In January 1985, John Philip Nichols was arrested for hiring a man to solicit the murder of five people, but the murders were not carried out due to his arrest. He was convicted of felony murder solicitation. (While serving 18 months in the California Institution for Men in Chino, John Philip Nichols’ son, John Paul Nichols, took over his position as acting administrator of the Cabazon tribe. In 1989, Mark Nichols inherited the position of administrator from his brother, John Paul Nichols).
A Los Angeles Times article entitled, “Indian’s Aide Held in Alleged Slaying Plot,” dated January 19, 1985 reported that Indio Police Capt. Carl Kennedy was unable to connect the murder-for-hire proposal leading to Nichols’ arrest with the unsolved July, 1981 execution murders of Fred Alvarez, Ralph Boger, and Patricia Castro in Rancho Mirage.
“The killings were investigated without success by the Riverside County Sheriff’s office,” according to the Times, “but official interest in the murders was renewed last year when Jimmy Hughes, a 27-year-old ex-Army Ranger, told authorities that he had been the payoff man in the Alvarez case.”
“Hughes, security director of the Cabazon band’s casino and bingo operations for four years until early 1984, reported that he had been instructed in [John Philip] Nichols’ presence to take $25,000 to the mountain community of Idyllwild in the summer of 1981 and give the money to a man there as partial payment for the Alvarez killings.”
The Los Angeles Times further reported that the Riverside County sheriff’s office and the state Department of Justice initiated an investigation, but after months without announced results, [Jimmy] Hughes went public with his information in October 1984, then fled the country.
Indio Police Chief Curtis R. “Sam” Cross, who worked on the murder-solicitation case against John Philip Nichols, told the Press Enterprise in Riverside, California in March 1985 that he sent a letter to Rep. Jim Bates, D-San Diego, requesting a congressional investigation of the Cabazon Indians’ business ventures.
Nothing ever came of all the investigations in the 1980’s.

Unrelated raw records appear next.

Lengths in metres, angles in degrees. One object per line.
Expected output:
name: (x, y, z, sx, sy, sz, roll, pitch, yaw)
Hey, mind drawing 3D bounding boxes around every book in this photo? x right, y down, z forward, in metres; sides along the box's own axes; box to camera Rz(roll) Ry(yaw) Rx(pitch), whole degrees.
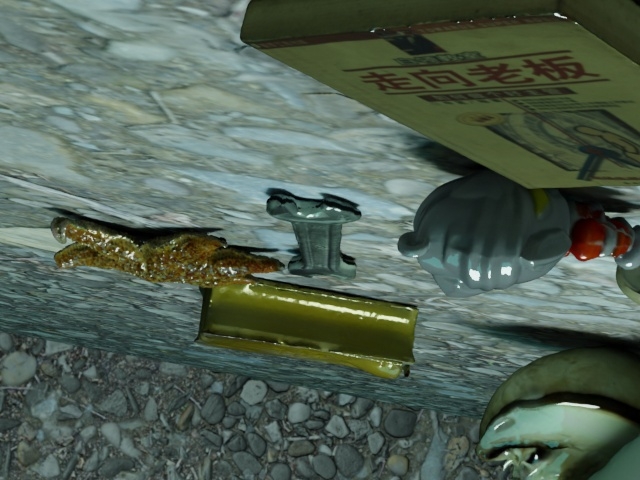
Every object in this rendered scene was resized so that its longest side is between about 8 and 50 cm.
book: (0.099, -0.063, 0.613, 0.161, 0.026, 0.231, 1, 167, 41)

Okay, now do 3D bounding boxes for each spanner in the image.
spanner: (0.000, 0.000, 1.111, 0.071, 0.017, 0.302, 5, 169, 4)

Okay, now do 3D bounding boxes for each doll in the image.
doll: (0.119, -0.004, 0.822, 0.180, 0.079, 0.094, 0, -159, -33)

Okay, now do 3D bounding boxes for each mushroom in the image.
mushroom: (0.308, 0.197, 1.533, 0.267, 0.164, 0.189, 14, 127, -2)

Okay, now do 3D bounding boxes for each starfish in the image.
starfish: (-0.138, 0.019, 1.284, 0.227, 0.043, 0.240, 2, 171, 39)

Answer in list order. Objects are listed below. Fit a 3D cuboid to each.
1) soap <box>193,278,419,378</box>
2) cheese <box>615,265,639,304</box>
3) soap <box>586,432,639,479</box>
soap: (-0.019, 0.094, 1.508, 0.233, 0.076, 0.135, 12, 169, -8)
cheese: (0.277, 0.042, 1.025, 0.097, 0.037, 0.192, 6, 169, 23)
soap: (0.431, 0.343, 1.447, 0.347, 0.115, 0.208, 29, 127, -12)
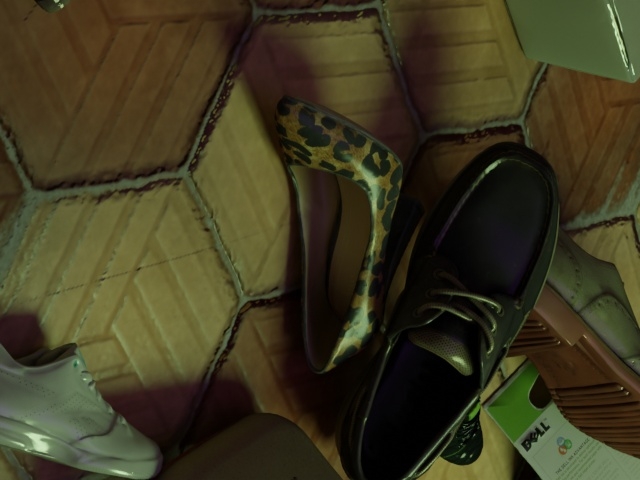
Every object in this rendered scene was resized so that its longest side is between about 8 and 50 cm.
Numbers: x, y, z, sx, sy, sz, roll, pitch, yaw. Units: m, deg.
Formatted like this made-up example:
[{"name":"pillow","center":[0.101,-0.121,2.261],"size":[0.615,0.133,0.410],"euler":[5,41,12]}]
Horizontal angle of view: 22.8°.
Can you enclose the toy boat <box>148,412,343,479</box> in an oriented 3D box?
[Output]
[{"name":"toy boat","center":[-0.086,0.258,1.375],"size":[0.151,0.151,0.231],"euler":[-45,169,32]}]

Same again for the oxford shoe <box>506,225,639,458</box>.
[{"name":"oxford shoe","center":[0.299,0.102,1.650],"size":[0.397,0.140,0.146],"euler":[44,58,-31]}]

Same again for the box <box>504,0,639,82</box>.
[{"name":"box","center":[0.326,-0.307,1.561],"size":[0.311,0.148,0.121],"euler":[-45,132,-22]}]

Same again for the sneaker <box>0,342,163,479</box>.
[{"name":"sneaker","center":[-0.197,0.130,1.255],"size":[0.212,0.080,0.094],"euler":[27,73,-46]}]

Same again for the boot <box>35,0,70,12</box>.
[{"name":"boot","center":[-0.180,-0.227,1.163],"size":[0.118,0.042,0.087],"euler":[-43,137,-24]}]

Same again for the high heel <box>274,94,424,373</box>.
[{"name":"high heel","center":[0.000,0.000,1.381],"size":[0.186,0.093,0.261],"euler":[-64,145,-13]}]

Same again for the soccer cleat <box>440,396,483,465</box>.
[{"name":"soccer cleat","center":[0.134,0.173,1.598],"size":[0.060,0.072,0.179],"euler":[-47,133,-22]}]

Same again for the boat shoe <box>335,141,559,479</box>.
[{"name":"boat shoe","center":[0.126,0.083,1.453],"size":[0.132,0.130,0.355],"euler":[22,100,-4]}]

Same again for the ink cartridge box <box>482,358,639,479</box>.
[{"name":"ink cartridge box","center":[0.294,0.232,1.779],"size":[0.189,0.097,0.255],"euler":[-41,96,-27]}]
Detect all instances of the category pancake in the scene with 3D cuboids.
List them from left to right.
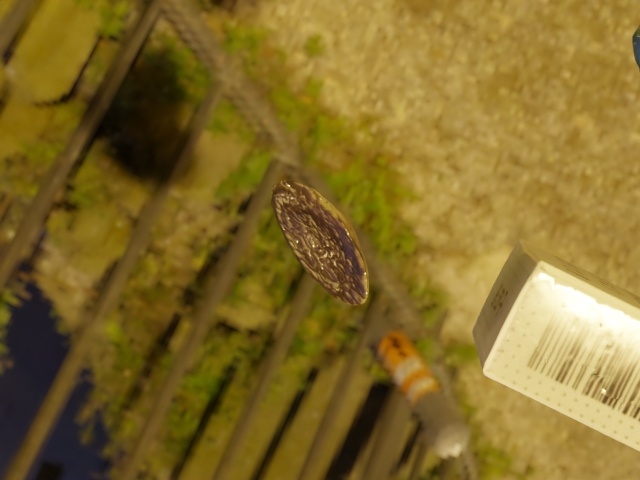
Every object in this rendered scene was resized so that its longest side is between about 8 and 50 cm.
[{"bbox_3d":[-0.001,0.001,1.218,0.115,0.011,0.115,42,154,26],"label":"pancake"}]

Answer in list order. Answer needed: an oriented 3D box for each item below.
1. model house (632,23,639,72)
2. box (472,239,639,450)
[{"bbox_3d":[0.414,-0.114,1.267,0.249,0.230,0.280,16,142,52],"label":"model house"},{"bbox_3d":[0.278,0.115,1.228,0.330,0.095,0.210,25,-174,1],"label":"box"}]
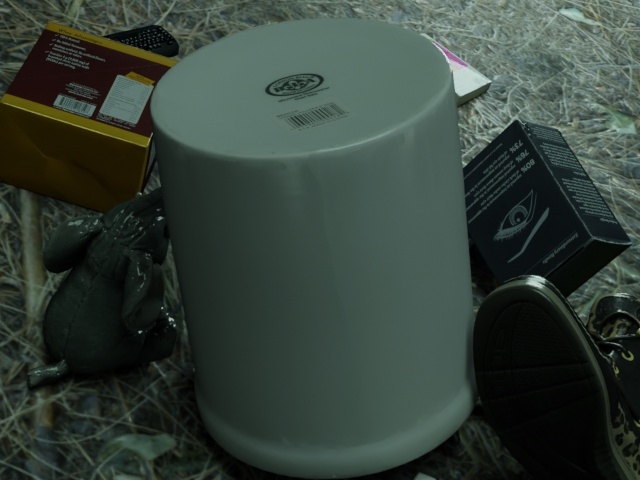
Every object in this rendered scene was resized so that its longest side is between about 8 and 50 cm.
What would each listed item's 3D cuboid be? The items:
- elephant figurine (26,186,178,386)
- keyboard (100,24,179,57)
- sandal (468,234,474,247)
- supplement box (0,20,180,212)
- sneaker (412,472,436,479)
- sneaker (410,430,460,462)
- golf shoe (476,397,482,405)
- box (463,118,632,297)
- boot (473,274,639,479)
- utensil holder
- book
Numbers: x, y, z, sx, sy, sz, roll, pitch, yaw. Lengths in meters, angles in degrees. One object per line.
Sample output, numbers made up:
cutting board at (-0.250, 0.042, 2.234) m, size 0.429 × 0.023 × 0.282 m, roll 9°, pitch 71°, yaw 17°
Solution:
elephant figurine at (-0.227, 0.025, 1.433) m, size 0.169 × 0.239 × 0.186 m, roll 5°, pitch 44°, yaw -16°
keyboard at (-0.288, -0.281, 1.889) m, size 0.192 × 0.038 × 0.100 m, roll -23°, pitch 57°, yaw -36°
sandal at (0.052, -0.041, 1.713) m, size 0.416 × 0.102 × 0.169 m, roll -5°, pitch 49°, yaw -27°
supplement box at (-0.302, -0.158, 1.683) m, size 0.191 × 0.129 × 0.194 m, roll 17°, pitch 42°, yaw -3°
sneaker at (0.110, 0.359, 1.308) m, size 0.123 × 0.106 × 0.290 m, roll 23°, pitch 40°, yaw 8°
sneaker at (0.095, 0.224, 1.484) m, size 0.158 × 0.061 × 0.065 m, roll -9°, pitch 60°, yaw -23°
golf shoe at (0.187, 0.174, 1.575) m, size 0.176 × 0.086 × 0.069 m, roll 18°, pitch 86°, yaw 3°
box at (0.286, -0.033, 1.719) m, size 0.108 × 0.153 × 0.207 m, roll 5°, pitch 50°, yaw -48°
boot at (0.310, 0.151, 1.477) m, size 0.377 × 0.138 × 0.284 m, roll 59°, pitch 34°, yaw -18°
utensil holder at (0.000, 0.000, 1.370) m, size 0.327 × 0.385 × 0.327 m, roll -6°, pitch 32°, yaw 4°
book at (0.193, -0.276, 2.072) m, size 0.144 × 0.035 × 0.096 m, roll 40°, pitch 42°, yaw 21°
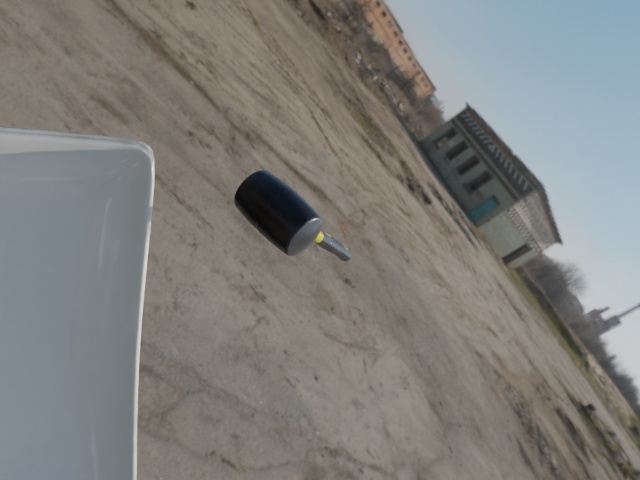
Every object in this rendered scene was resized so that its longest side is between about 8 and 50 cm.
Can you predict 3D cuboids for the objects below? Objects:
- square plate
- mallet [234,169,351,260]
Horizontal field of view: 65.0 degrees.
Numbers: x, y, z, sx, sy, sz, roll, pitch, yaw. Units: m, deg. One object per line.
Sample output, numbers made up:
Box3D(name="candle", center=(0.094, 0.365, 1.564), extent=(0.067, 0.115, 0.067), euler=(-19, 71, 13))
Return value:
Box3D(name="square plate", center=(-0.309, 0.083, 0.360), extent=(0.345, 0.346, 0.049), euler=(3, 12, -21))
Box3D(name="mallet", center=(0.000, 0.000, 0.422), extent=(0.062, 0.039, 0.190), euler=(43, 5, 29))
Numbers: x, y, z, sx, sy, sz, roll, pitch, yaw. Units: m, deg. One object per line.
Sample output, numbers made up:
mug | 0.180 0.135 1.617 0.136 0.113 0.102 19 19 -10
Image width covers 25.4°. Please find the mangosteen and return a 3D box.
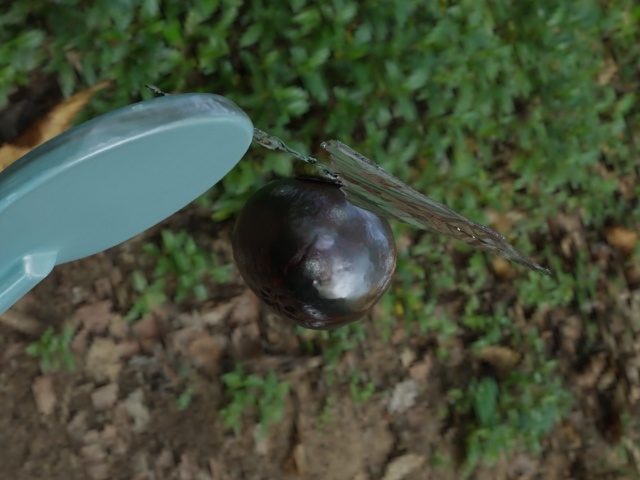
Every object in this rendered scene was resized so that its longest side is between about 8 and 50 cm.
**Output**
mangosteen | 0.000 0.000 1.240 0.152 0.152 0.152 40 41 -47

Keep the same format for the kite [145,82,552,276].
kite | 0.013 -0.036 0.777 0.229 0.250 0.012 54 60 -80

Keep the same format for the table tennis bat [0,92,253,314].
table tennis bat | -0.134 -0.005 0.706 0.149 0.237 0.038 -10 68 -57
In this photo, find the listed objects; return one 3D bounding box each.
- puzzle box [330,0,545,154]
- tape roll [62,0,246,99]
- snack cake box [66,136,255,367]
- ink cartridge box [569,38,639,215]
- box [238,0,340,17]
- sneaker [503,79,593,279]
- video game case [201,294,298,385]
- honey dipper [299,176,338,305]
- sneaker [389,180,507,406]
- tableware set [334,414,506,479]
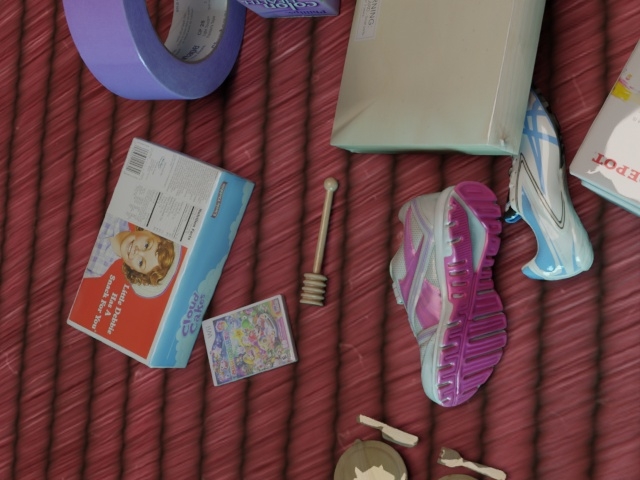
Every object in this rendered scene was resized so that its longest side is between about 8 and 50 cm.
[{"bbox_3d":[0.148,-0.300,1.211,0.272,0.052,0.409,8,86,54],"label":"puzzle box"},{"bbox_3d":[-0.200,-0.314,1.324,0.090,0.275,0.275,3,84,28],"label":"tape roll"},{"bbox_3d":[-0.208,0.016,1.382,0.152,0.089,0.264,22,93,26],"label":"snack cake box"},{"bbox_3d":[0.390,-0.117,1.052,0.171,0.168,0.233,32,97,28],"label":"ink cartridge box"},{"bbox_3d":[-0.067,-0.412,1.289,0.117,0.243,0.214,4,85,28],"label":"box"},{"bbox_3d":[0.235,-0.072,1.171,0.086,0.085,0.237,-14,75,14],"label":"sneaker"},{"bbox_3d":[-0.091,0.127,1.348,0.122,0.011,0.087,-20,74,23],"label":"video game case"},{"bbox_3d":[0.000,0.000,1.313,0.030,0.030,0.161,4,82,27],"label":"honey dipper"},{"bbox_3d":[0.139,0.059,1.200,0.111,0.103,0.252,5,93,52],"label":"sneaker"},{"bbox_3d":[0.108,0.292,1.208,0.194,0.039,0.128,18,79,22],"label":"tableware set"}]
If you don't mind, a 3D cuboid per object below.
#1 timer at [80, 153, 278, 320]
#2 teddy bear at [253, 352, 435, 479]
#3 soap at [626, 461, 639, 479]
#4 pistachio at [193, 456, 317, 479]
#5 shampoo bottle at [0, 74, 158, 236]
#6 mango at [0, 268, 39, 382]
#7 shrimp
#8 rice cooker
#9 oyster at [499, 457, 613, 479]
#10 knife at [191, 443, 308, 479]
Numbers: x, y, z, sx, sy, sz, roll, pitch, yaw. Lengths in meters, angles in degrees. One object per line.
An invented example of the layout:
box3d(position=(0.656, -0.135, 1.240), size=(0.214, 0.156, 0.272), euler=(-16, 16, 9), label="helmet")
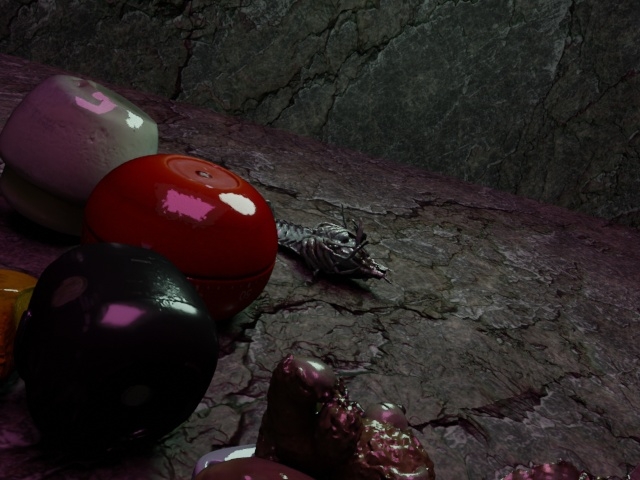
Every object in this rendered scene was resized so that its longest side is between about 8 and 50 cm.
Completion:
box3d(position=(-0.270, -0.011, 1.201), size=(0.378, 0.279, 0.378), euler=(17, 20, -6), label="timer")
box3d(position=(0.040, 0.272, 0.831), size=(0.256, 0.156, 0.267), euler=(24, -13, 10), label="teddy bear")
box3d(position=(0.518, 0.434, 0.895), size=(0.182, 0.112, 0.289), euler=(31, 26, 34), label="soap")
box3d(position=(-0.066, 0.324, 0.736), size=(0.185, 0.124, 0.124), euler=(18, 20, -18), label="pistachio")
box3d(position=(-0.530, -0.193, 1.350), size=(0.323, 0.317, 0.322), euler=(26, 13, -6), label="shampoo bottle")
box3d(position=(-0.500, 0.119, 0.845), size=(0.199, 0.201, 0.350), euler=(41, 14, -3), label="mango")
box3d(position=(0.003, 0.004, 1.543), size=(0.411, 0.166, 0.221), euler=(14, 51, 33), label="shrimp")
box3d(position=(-0.277, 0.151, 0.840), size=(0.267, 0.267, 0.224), euler=(0, 35, -36), label="rice cooker")
box3d(position=(0.263, 0.387, 0.793), size=(0.337, 0.133, 0.198), euler=(5, 10, -11), label="oyster")
box3d(position=(-0.037, 0.317, 0.896), size=(0.331, 0.044, 0.080), euler=(0, 26, -43), label="knife")
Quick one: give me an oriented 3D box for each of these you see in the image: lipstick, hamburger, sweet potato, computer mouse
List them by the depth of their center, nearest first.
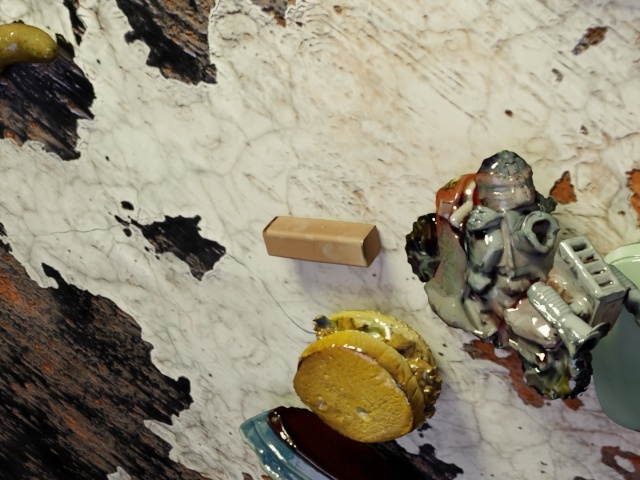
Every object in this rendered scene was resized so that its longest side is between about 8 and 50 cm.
[{"bbox_3d":[0.369,0.125,0.916,0.160,0.097,0.288,5,125,26],"label":"computer mouse"},{"bbox_3d":[0.000,0.000,1.084,0.145,0.045,0.045,6,124,29],"label":"lipstick"},{"bbox_3d":[0.071,0.175,1.125,0.191,0.118,0.181,-2,125,37],"label":"hamburger"},{"bbox_3d":[-0.430,-0.252,1.154,0.250,0.059,0.069,-7,132,40],"label":"sweet potato"}]

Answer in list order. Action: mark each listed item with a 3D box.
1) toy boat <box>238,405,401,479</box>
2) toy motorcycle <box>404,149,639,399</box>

Despite all the allegations set forth over the years, Senator John McCain, R-Ariz., vice chairman of the Senate Select Committee on Indian Affairs, refused to intercede in Cabazon affairs, noting, “ --- By solemn treaty with the Indian tribes, recently affirmed by President Bush, we must treat Native Americans as sovereign nations.”
In 1991 a series of events, including the death of Washington D.C. investigative journalist Danny Casolaro on August 10th, brought the Cabazon-related triple homicide back into national scrutiny. Casolaro had been preparing to visit Indio to investigate the Cabazon/Wackenhut connections to a cabal of spooks, arms dealers, drugs and organized crime figures which he dubbed “The Octopus.”
A San Francisco Chronicle article entitled, “Tiny California Tribe’s Huge Clout,” dated September 4, 1991, best summarized the failure of the justice system at every level to unlock the mystery of Cabazon’s forbidden secrets. Reporter Jonathan Littman mused: “In all, federal and state agencies [have helped] to finance nearly $250 million worth of projects on the 1,700-acre reservation. That is particularly impressive in light of the tribe’s size – the entire Cabazon population numbers no more than 30.
“To observers in and out of government, these undertakings pose an obvious question: How did a tiny band of Indians, one of the smallest in the nation, give rise to a multimillion-dollar network whose influence reaches into all quarters of the U.S. government?
“The answer lies in a maze of politicians, military officers, organized-crime figures, intelligence agents, foreign officials ranging from Saudi sheiks to Nicaraguan Contras – and John Philip Nichols, a globe-trotting evangelical social worker with an uncanny ability to win federal grants, who once served 18 months in state prison for solicitation to commit murder.
“Although the full story of the Cabazon reservation is still unfolding, there are indications that this network reaches far beyond the borders of the tribe’s land.”
Perhaps this is what Rachel Begley is up against as she awaits news from the California Department of Justice whether arrest warrants will be forthcoming for the murderer(s) of her father. The Detective at the Riverside Sheriff’s Department did his job, he solved the case. It’s now up to the DOJ to bring justice to the victims and their families, as well as closure to the dozens of investigators who worked the case during the past 28 years.